The insurer will continue to reassess the claim. The insurer may believe that it is possible for your condition to improve, at which point your benefits will be terminated. That is why insurers do surveillance, and pay “IME” doctors thousands of dollars to opine that the claimant has improved. The insurer will also want a discount to reflect the chance that you might die from some unrelated cause.
I typically advise my clients that their only concern should be if the buy out makes financial sense – could they invest the lump sum to earn approximately what the monthly payouts would equal. To determine if a buy out makes sense, you should always discuss it with your financial advisor, who can evaluate the present value formula that the insurer is using. To oversimplify, if you win a lottery, you can choose a lump sum or annual installment payments. The former is always smaller than the total amount of the jackpot.
The key to analyzing the present value is the “discount rate,” which is an interest rate. A lottery uses a discount rate to reflect the annual rate of growth of the invested lump sum for a typical individual, which is what the present value of a lump sum is supposed to do. Disability insurers knowingly misuse the term present value. Instead of using an interest rate that reflects the expected rate of investment growth, the disability insurer uses the corporate bond rate because that supposedly reflects the cost to them of borrowing to pay for the lump sum.

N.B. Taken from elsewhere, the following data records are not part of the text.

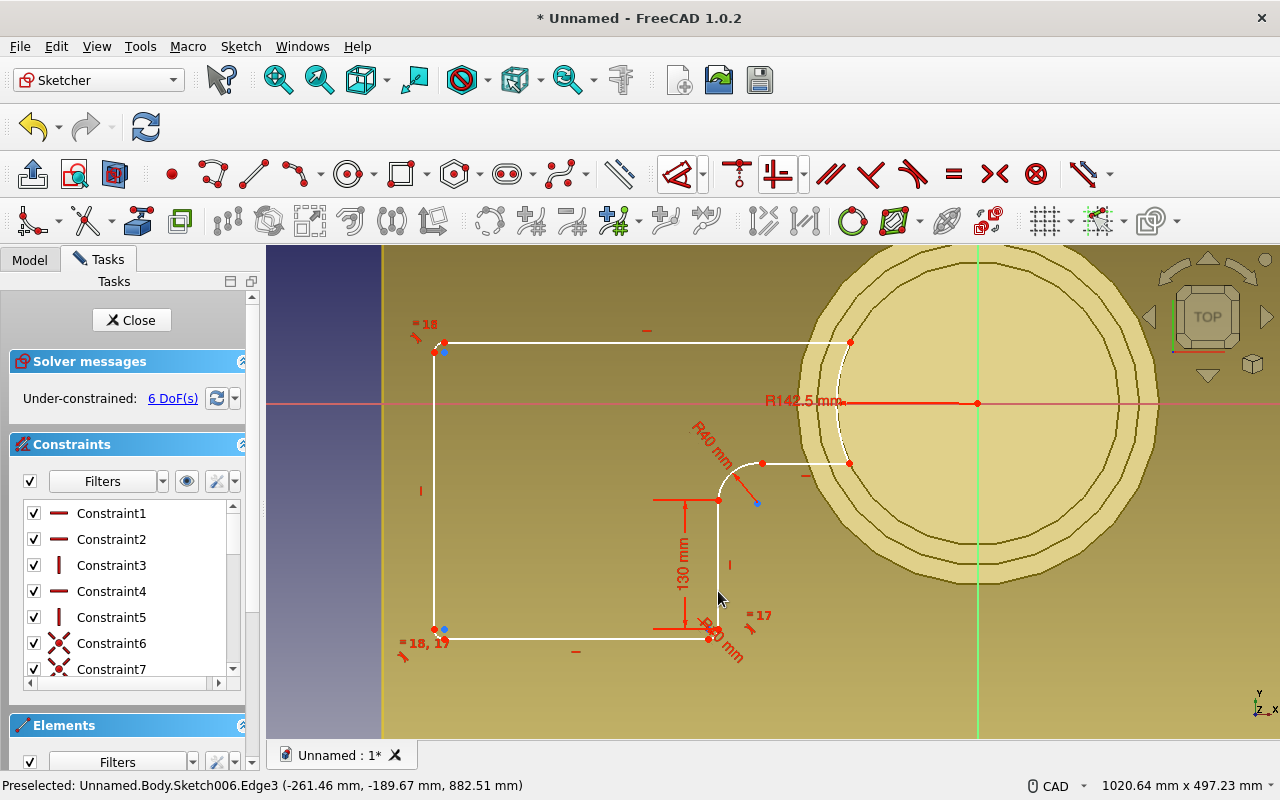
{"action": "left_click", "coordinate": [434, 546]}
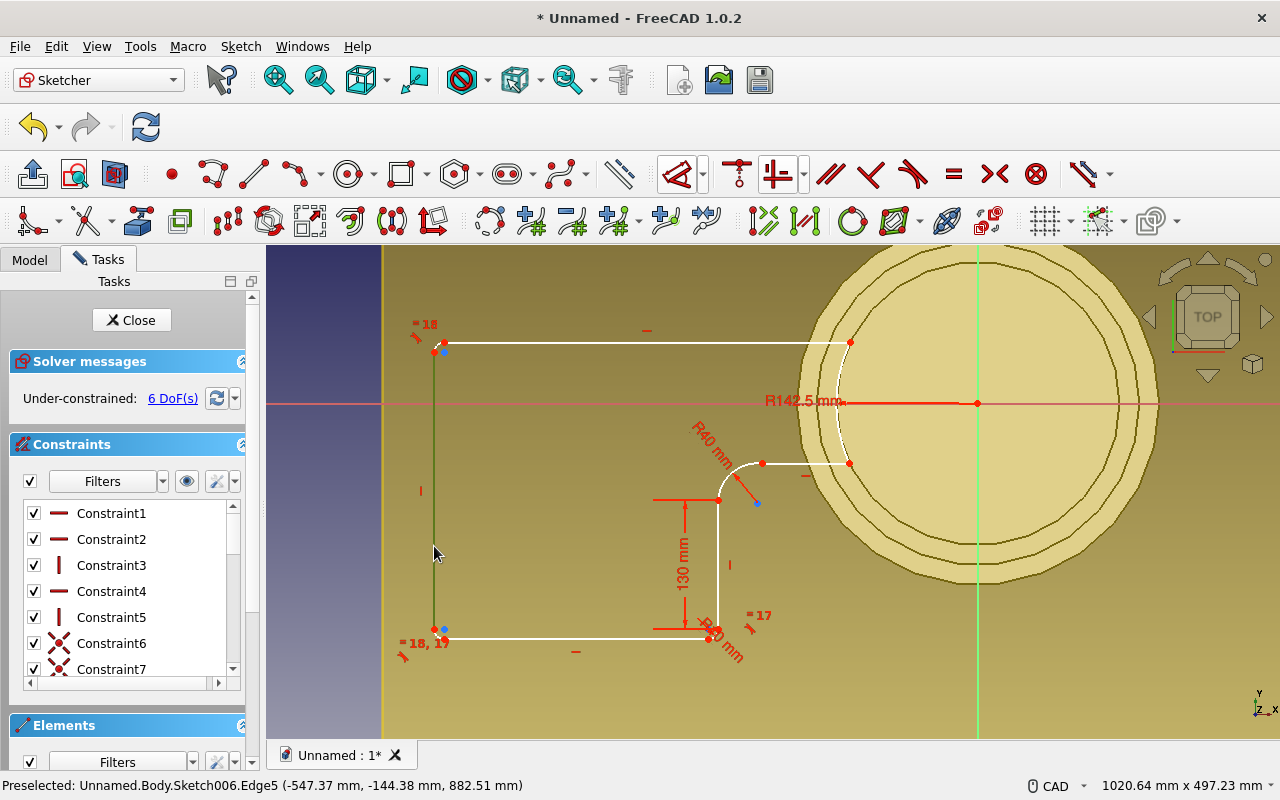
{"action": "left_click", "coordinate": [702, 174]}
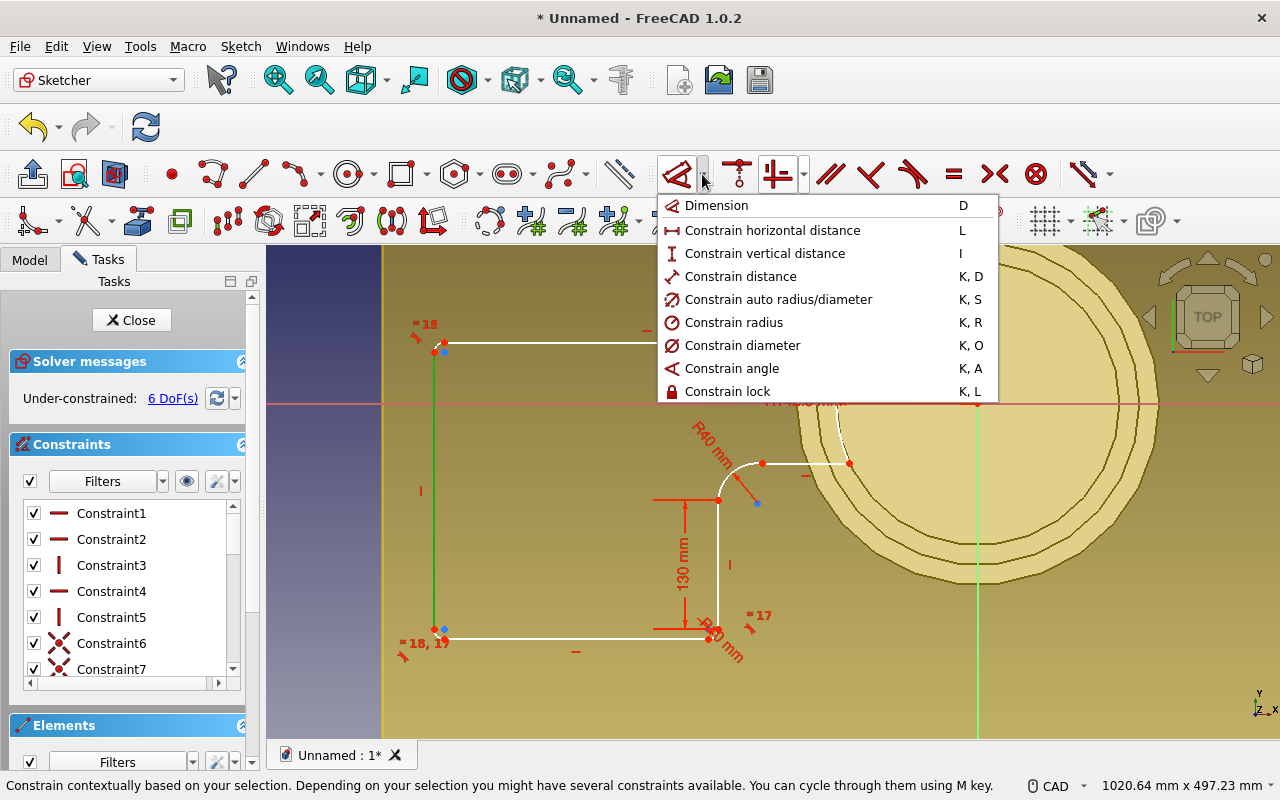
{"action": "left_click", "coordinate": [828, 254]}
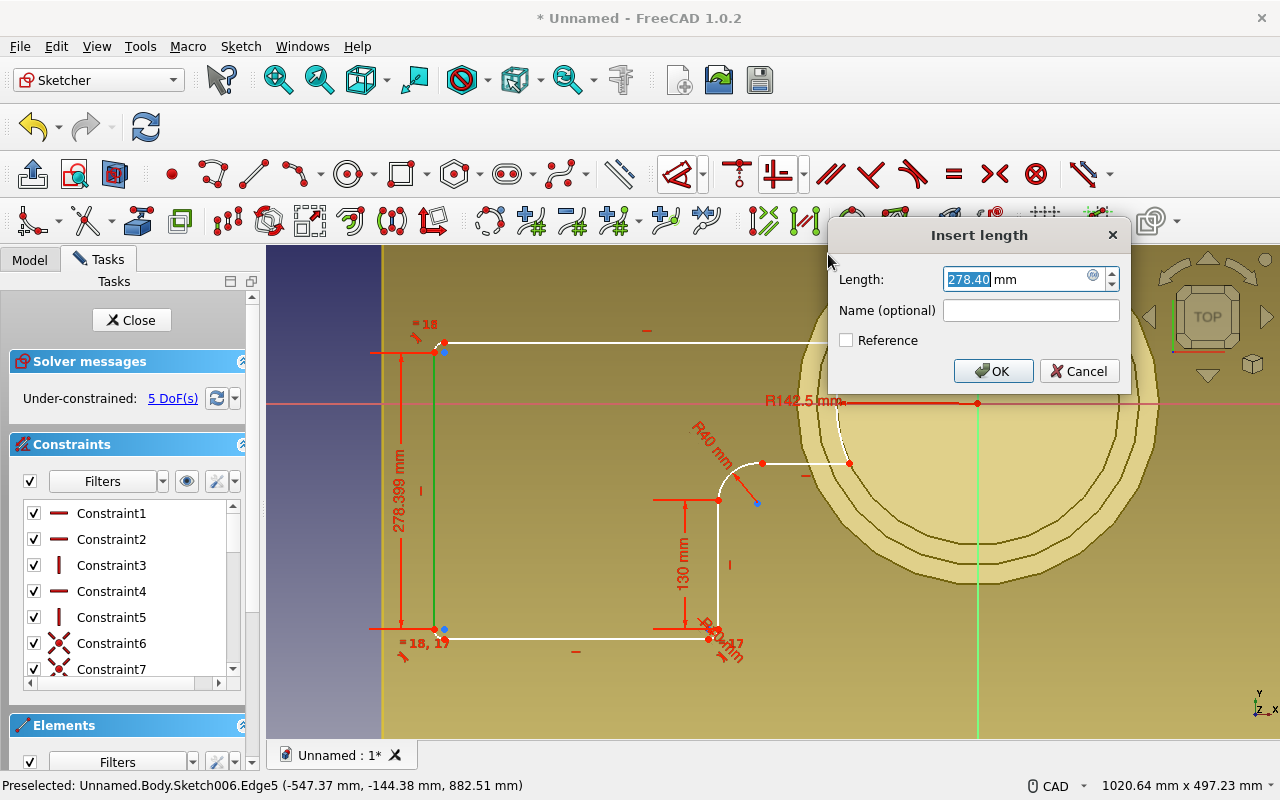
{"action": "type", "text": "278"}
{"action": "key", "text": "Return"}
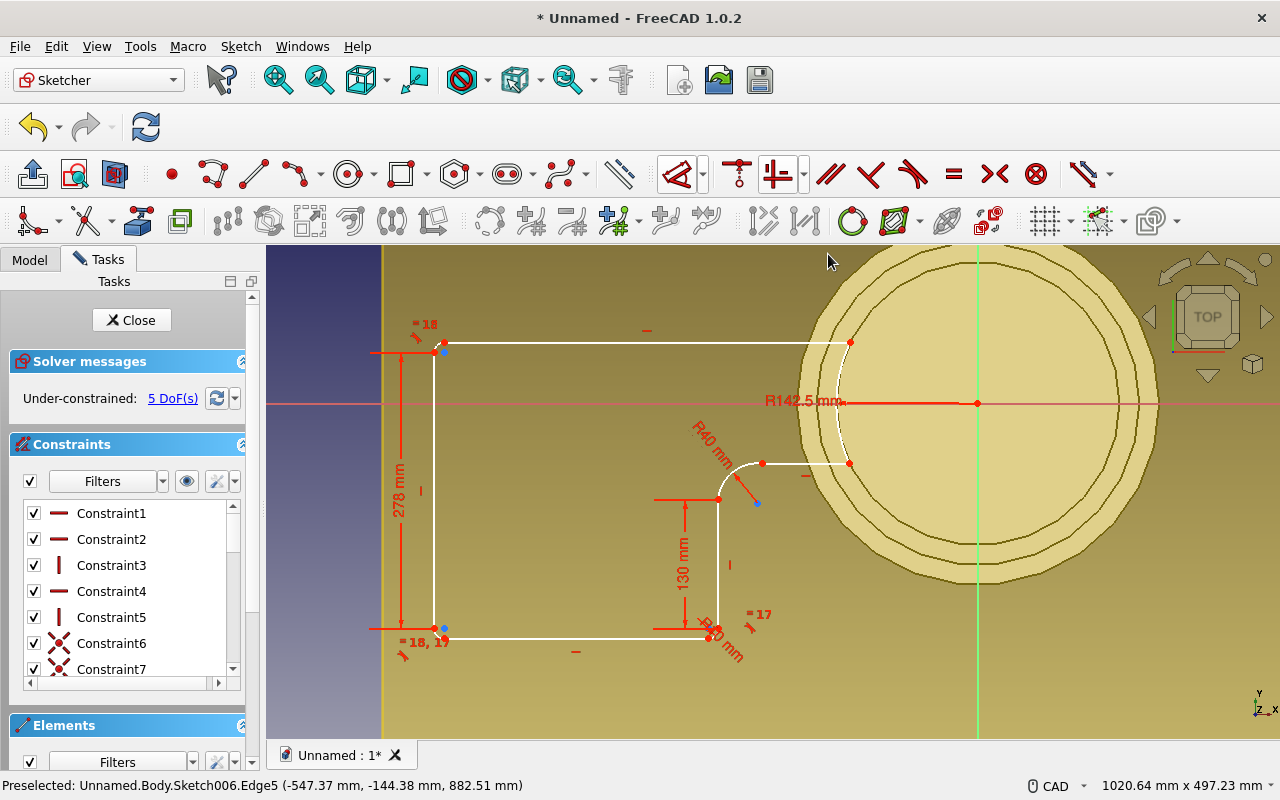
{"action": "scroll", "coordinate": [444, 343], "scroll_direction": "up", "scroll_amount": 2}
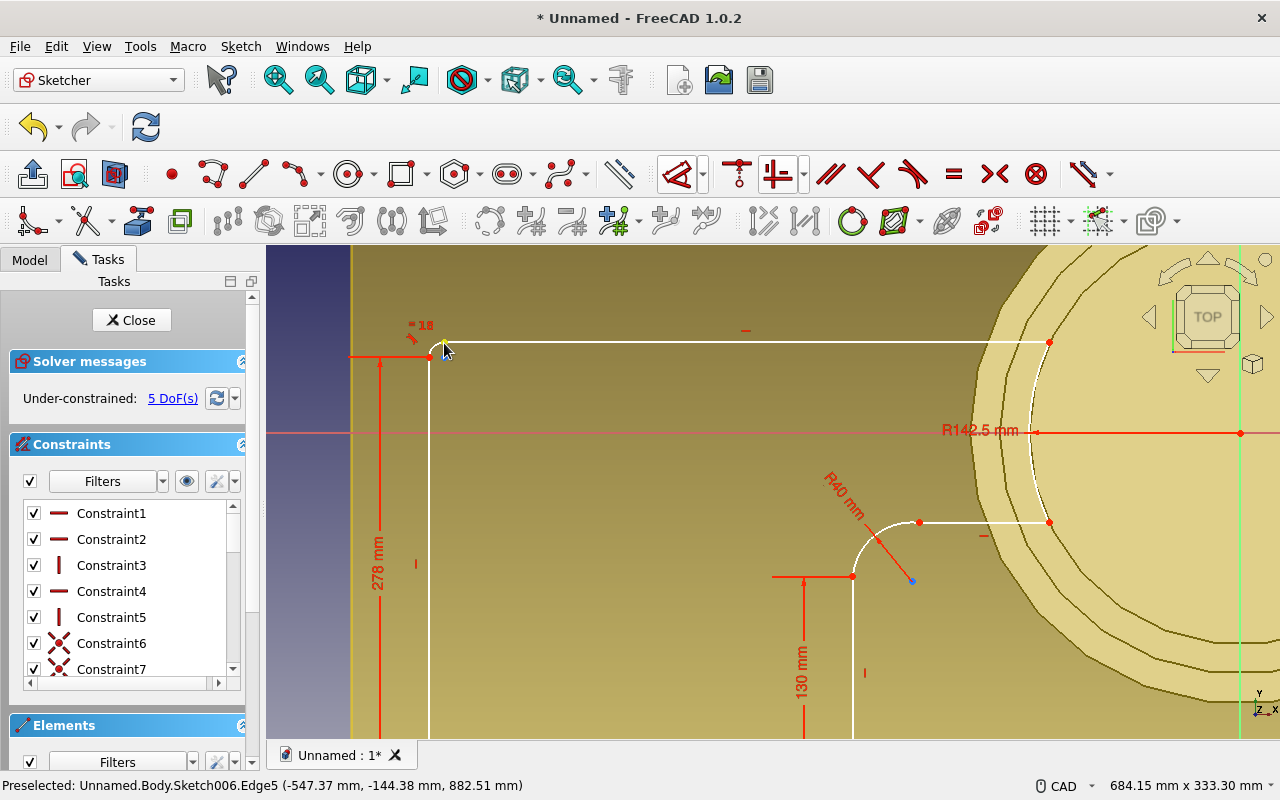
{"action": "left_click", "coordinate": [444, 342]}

However, that has nothing to do with the present value of a lump sum to you; only the cost of the lump sum to them.
Most of the time, we advise claimants that buy outs are offering far too little relative to the overall claim. We negotiated a buy out for a Unum client today. The claimant understood that there was a significant discount for Unum. However, the claimant already had to relocate from Queens to Upstate New York where the cost of living is lower. After discussing the buy out with financial advisors, despite the discount, the claimant felt she had to accept the buy out due to financial stress.